Records supplied>
————

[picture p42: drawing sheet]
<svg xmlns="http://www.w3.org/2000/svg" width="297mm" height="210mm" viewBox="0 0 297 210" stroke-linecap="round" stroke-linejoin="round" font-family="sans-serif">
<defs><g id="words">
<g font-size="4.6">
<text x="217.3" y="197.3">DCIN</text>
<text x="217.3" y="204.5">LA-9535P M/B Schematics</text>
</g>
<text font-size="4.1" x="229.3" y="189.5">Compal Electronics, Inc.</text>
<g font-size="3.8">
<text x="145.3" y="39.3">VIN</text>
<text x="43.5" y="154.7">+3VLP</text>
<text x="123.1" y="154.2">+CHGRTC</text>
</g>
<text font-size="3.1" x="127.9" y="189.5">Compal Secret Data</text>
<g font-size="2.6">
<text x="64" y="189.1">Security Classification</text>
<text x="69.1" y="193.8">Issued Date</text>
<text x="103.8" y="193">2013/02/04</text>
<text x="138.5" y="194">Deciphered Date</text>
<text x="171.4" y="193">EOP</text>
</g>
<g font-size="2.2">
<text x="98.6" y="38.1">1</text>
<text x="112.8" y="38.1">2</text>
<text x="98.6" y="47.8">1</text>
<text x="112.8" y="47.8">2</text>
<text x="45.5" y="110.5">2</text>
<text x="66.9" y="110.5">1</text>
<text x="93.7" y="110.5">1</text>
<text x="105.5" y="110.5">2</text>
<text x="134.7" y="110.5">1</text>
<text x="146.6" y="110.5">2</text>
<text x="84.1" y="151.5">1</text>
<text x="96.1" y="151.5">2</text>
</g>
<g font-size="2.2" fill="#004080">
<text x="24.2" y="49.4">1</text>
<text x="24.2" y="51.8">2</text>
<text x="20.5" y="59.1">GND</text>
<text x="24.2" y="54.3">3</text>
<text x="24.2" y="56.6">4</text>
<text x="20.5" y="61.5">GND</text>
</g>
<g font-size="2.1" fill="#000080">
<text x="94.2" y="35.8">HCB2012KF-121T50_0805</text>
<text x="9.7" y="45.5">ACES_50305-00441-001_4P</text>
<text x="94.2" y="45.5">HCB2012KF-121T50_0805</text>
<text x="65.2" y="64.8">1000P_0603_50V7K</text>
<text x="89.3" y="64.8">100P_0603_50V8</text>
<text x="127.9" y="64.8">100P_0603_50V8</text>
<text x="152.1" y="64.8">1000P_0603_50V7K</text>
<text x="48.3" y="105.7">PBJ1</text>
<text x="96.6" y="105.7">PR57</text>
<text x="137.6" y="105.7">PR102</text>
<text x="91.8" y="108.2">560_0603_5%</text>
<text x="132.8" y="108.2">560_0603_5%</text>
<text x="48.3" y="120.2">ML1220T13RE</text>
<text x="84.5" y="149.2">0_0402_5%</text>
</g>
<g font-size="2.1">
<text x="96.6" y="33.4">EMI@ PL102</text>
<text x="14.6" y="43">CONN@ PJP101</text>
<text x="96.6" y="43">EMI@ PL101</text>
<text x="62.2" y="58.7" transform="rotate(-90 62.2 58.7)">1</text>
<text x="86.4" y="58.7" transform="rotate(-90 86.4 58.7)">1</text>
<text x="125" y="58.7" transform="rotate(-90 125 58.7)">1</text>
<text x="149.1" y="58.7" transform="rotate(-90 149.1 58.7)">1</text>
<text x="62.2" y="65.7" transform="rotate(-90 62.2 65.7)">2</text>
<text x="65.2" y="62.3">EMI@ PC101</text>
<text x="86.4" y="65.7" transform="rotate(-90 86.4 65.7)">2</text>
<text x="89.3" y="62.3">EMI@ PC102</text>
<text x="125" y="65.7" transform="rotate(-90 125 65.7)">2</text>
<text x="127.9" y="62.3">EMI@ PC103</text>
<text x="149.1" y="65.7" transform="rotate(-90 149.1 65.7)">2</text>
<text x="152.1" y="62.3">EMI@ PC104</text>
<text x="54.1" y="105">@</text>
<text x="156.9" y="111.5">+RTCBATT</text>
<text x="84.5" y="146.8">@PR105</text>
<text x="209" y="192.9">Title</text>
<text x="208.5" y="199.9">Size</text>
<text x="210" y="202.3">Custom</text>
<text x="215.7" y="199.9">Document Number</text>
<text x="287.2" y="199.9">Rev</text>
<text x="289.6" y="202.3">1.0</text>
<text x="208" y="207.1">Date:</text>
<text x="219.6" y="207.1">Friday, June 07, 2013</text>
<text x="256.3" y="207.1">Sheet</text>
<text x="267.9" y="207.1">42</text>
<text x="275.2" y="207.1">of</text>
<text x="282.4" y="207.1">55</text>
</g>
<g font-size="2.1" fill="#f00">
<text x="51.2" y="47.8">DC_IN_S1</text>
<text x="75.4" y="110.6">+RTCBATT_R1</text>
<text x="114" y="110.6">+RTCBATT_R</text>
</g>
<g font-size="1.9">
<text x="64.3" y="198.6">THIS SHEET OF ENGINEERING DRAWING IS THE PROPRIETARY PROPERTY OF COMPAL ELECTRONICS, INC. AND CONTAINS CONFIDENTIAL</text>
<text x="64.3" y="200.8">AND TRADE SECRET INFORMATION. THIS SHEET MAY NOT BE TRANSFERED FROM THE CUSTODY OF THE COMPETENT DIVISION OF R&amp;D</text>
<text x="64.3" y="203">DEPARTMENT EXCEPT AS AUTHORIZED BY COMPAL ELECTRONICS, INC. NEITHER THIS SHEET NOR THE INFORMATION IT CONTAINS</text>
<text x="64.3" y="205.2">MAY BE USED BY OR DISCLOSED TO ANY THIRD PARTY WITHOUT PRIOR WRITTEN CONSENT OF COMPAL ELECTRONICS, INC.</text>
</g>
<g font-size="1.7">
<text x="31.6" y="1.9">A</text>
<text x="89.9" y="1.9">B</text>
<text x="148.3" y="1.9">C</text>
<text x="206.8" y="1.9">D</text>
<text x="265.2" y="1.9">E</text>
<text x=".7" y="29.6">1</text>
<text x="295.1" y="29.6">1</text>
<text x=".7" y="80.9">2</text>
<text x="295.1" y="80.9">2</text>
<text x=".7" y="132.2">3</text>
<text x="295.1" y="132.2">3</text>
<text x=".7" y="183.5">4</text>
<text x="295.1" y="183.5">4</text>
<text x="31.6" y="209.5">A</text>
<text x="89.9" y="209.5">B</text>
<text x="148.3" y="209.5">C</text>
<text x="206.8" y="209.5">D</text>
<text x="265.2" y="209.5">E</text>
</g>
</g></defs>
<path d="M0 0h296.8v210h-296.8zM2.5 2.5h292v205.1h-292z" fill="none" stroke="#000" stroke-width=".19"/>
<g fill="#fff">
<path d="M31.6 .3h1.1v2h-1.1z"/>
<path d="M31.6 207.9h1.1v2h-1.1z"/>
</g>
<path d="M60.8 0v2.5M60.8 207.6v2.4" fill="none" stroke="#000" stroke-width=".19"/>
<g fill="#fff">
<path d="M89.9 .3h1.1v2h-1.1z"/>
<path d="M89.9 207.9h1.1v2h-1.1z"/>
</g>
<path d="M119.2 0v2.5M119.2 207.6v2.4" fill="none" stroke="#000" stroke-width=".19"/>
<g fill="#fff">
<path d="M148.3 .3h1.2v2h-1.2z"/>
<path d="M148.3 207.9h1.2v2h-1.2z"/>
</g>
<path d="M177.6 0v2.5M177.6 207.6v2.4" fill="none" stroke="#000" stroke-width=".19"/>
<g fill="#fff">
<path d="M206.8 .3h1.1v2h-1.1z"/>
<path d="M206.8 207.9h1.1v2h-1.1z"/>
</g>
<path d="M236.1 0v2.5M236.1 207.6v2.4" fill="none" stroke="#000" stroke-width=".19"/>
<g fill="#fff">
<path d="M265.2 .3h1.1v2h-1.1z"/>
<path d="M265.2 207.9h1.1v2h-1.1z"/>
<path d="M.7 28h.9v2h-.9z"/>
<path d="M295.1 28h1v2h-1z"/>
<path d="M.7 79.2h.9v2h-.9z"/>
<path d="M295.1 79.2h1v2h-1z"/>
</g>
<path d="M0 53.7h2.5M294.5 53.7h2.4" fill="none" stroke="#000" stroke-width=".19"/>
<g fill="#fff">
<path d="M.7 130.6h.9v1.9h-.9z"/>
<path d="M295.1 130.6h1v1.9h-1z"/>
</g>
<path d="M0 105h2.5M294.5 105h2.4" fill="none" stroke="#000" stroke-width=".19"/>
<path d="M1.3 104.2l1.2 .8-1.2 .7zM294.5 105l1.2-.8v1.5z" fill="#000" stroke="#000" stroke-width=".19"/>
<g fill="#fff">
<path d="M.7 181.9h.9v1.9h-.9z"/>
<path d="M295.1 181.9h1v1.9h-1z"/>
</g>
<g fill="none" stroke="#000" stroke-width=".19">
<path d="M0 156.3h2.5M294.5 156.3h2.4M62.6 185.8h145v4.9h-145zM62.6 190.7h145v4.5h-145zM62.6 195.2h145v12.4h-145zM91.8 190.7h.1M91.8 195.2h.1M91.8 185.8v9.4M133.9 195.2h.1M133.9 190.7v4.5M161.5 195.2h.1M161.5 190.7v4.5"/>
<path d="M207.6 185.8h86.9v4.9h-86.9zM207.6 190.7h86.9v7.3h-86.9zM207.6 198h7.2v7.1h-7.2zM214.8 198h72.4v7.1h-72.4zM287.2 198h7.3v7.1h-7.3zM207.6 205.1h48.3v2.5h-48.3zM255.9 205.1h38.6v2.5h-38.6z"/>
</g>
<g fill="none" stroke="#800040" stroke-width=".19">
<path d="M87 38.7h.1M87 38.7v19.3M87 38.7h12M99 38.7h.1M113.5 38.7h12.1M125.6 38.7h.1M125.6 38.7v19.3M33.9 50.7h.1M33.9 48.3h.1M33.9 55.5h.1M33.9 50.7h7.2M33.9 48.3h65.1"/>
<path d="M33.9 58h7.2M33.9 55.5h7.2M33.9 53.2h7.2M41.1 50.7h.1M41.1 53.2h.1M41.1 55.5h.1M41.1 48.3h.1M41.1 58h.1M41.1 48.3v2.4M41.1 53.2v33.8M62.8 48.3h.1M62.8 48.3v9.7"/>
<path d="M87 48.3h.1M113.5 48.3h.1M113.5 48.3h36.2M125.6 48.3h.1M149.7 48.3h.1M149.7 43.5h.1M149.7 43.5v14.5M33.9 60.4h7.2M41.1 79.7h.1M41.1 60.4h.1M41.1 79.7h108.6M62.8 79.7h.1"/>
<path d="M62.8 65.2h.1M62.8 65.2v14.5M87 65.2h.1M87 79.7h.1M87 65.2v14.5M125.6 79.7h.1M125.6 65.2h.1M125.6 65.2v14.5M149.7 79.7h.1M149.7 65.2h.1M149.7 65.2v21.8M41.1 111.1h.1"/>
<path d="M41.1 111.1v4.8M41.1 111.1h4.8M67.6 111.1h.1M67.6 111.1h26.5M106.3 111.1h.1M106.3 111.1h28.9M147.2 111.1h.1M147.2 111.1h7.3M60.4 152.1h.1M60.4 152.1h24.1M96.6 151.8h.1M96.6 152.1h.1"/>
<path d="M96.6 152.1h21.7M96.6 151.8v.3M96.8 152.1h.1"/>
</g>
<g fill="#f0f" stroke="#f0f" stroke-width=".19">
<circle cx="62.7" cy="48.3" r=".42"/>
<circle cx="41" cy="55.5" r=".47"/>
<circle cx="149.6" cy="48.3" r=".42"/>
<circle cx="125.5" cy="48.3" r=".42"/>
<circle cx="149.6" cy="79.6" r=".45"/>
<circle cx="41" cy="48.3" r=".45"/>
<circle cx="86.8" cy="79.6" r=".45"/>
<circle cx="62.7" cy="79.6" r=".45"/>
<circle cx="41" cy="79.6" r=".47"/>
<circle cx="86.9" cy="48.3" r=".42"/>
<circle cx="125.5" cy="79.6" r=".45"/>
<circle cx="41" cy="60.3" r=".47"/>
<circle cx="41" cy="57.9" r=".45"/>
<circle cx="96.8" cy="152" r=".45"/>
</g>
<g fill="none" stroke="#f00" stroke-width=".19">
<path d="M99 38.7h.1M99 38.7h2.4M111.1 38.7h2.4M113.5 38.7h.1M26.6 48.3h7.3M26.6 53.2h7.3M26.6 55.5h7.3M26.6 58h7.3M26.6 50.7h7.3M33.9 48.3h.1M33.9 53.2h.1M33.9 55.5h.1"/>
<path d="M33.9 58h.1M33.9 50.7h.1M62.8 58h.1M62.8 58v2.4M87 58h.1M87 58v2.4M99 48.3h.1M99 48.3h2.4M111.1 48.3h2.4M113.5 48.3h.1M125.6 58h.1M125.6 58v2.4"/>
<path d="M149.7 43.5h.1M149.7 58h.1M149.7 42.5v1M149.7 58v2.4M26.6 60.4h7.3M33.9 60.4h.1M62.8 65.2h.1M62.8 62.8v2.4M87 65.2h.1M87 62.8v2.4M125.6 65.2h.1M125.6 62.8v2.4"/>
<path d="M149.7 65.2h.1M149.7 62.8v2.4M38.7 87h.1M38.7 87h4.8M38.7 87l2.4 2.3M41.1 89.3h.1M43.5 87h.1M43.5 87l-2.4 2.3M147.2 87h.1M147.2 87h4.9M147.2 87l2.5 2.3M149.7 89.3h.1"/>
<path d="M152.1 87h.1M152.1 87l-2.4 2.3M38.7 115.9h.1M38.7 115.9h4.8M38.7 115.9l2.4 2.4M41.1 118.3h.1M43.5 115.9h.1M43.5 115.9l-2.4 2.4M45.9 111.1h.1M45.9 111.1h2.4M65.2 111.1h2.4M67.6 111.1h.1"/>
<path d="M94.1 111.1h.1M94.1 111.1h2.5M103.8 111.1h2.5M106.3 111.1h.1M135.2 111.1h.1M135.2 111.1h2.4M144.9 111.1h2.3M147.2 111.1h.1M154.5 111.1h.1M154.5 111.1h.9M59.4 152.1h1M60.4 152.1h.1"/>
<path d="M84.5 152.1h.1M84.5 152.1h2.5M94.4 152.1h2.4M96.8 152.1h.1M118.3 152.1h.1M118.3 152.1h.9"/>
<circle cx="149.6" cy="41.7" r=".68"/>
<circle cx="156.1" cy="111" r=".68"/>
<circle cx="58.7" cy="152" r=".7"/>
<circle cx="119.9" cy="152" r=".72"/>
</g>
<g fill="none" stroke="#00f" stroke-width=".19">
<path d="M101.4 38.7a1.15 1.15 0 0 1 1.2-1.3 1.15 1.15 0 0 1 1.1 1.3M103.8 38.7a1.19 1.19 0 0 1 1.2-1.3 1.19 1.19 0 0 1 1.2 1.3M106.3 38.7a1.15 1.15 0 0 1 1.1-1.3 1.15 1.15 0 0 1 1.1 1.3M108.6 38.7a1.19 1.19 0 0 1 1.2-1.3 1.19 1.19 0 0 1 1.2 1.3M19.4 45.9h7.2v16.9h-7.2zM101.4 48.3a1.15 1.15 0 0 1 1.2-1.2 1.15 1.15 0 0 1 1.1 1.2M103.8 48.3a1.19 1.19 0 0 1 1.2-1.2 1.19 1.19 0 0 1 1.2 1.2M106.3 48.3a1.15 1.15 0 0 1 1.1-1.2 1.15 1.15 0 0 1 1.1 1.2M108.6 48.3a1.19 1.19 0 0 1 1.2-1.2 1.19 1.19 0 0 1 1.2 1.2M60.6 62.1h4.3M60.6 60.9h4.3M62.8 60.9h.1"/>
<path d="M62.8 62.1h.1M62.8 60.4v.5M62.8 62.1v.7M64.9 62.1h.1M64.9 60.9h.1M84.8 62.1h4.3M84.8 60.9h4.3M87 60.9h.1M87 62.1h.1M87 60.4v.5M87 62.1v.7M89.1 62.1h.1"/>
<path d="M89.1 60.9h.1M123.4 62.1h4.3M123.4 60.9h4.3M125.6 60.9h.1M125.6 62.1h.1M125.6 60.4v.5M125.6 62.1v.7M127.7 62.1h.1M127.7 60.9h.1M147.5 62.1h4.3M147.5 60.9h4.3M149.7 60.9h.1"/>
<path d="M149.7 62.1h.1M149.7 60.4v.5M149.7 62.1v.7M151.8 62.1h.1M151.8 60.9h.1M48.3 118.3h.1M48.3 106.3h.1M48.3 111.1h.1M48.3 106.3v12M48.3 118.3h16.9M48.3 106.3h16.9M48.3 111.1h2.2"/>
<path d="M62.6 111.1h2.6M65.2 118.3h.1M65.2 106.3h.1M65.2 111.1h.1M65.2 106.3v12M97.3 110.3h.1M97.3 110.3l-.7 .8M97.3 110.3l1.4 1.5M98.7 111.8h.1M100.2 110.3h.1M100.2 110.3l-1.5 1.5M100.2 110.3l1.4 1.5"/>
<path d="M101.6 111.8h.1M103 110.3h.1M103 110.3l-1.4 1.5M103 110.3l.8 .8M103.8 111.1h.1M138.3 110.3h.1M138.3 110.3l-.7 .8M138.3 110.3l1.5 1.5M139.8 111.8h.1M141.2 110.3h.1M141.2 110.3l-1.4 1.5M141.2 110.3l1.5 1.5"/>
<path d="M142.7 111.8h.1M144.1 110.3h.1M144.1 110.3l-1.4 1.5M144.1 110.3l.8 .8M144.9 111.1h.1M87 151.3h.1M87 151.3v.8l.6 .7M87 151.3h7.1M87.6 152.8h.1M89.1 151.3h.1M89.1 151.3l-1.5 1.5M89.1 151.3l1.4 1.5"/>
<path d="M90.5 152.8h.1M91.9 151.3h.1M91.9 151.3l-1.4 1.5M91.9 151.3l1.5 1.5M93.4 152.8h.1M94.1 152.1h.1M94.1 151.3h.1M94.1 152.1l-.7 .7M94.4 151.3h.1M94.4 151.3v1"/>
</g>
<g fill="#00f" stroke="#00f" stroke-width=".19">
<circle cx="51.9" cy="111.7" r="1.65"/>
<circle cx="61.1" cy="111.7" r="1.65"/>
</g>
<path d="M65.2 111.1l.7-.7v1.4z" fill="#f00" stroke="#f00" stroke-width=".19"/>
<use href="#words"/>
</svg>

————

Required action>
From the records above, pull every line that has the string "Date" and copy it.

Result for this exercise>
<text x="69.1" y="193.8">Issued Date</text>
<text x="138.5" y="194">Deciphered Date</text>
<text x="208" y="207.1">Date:</text>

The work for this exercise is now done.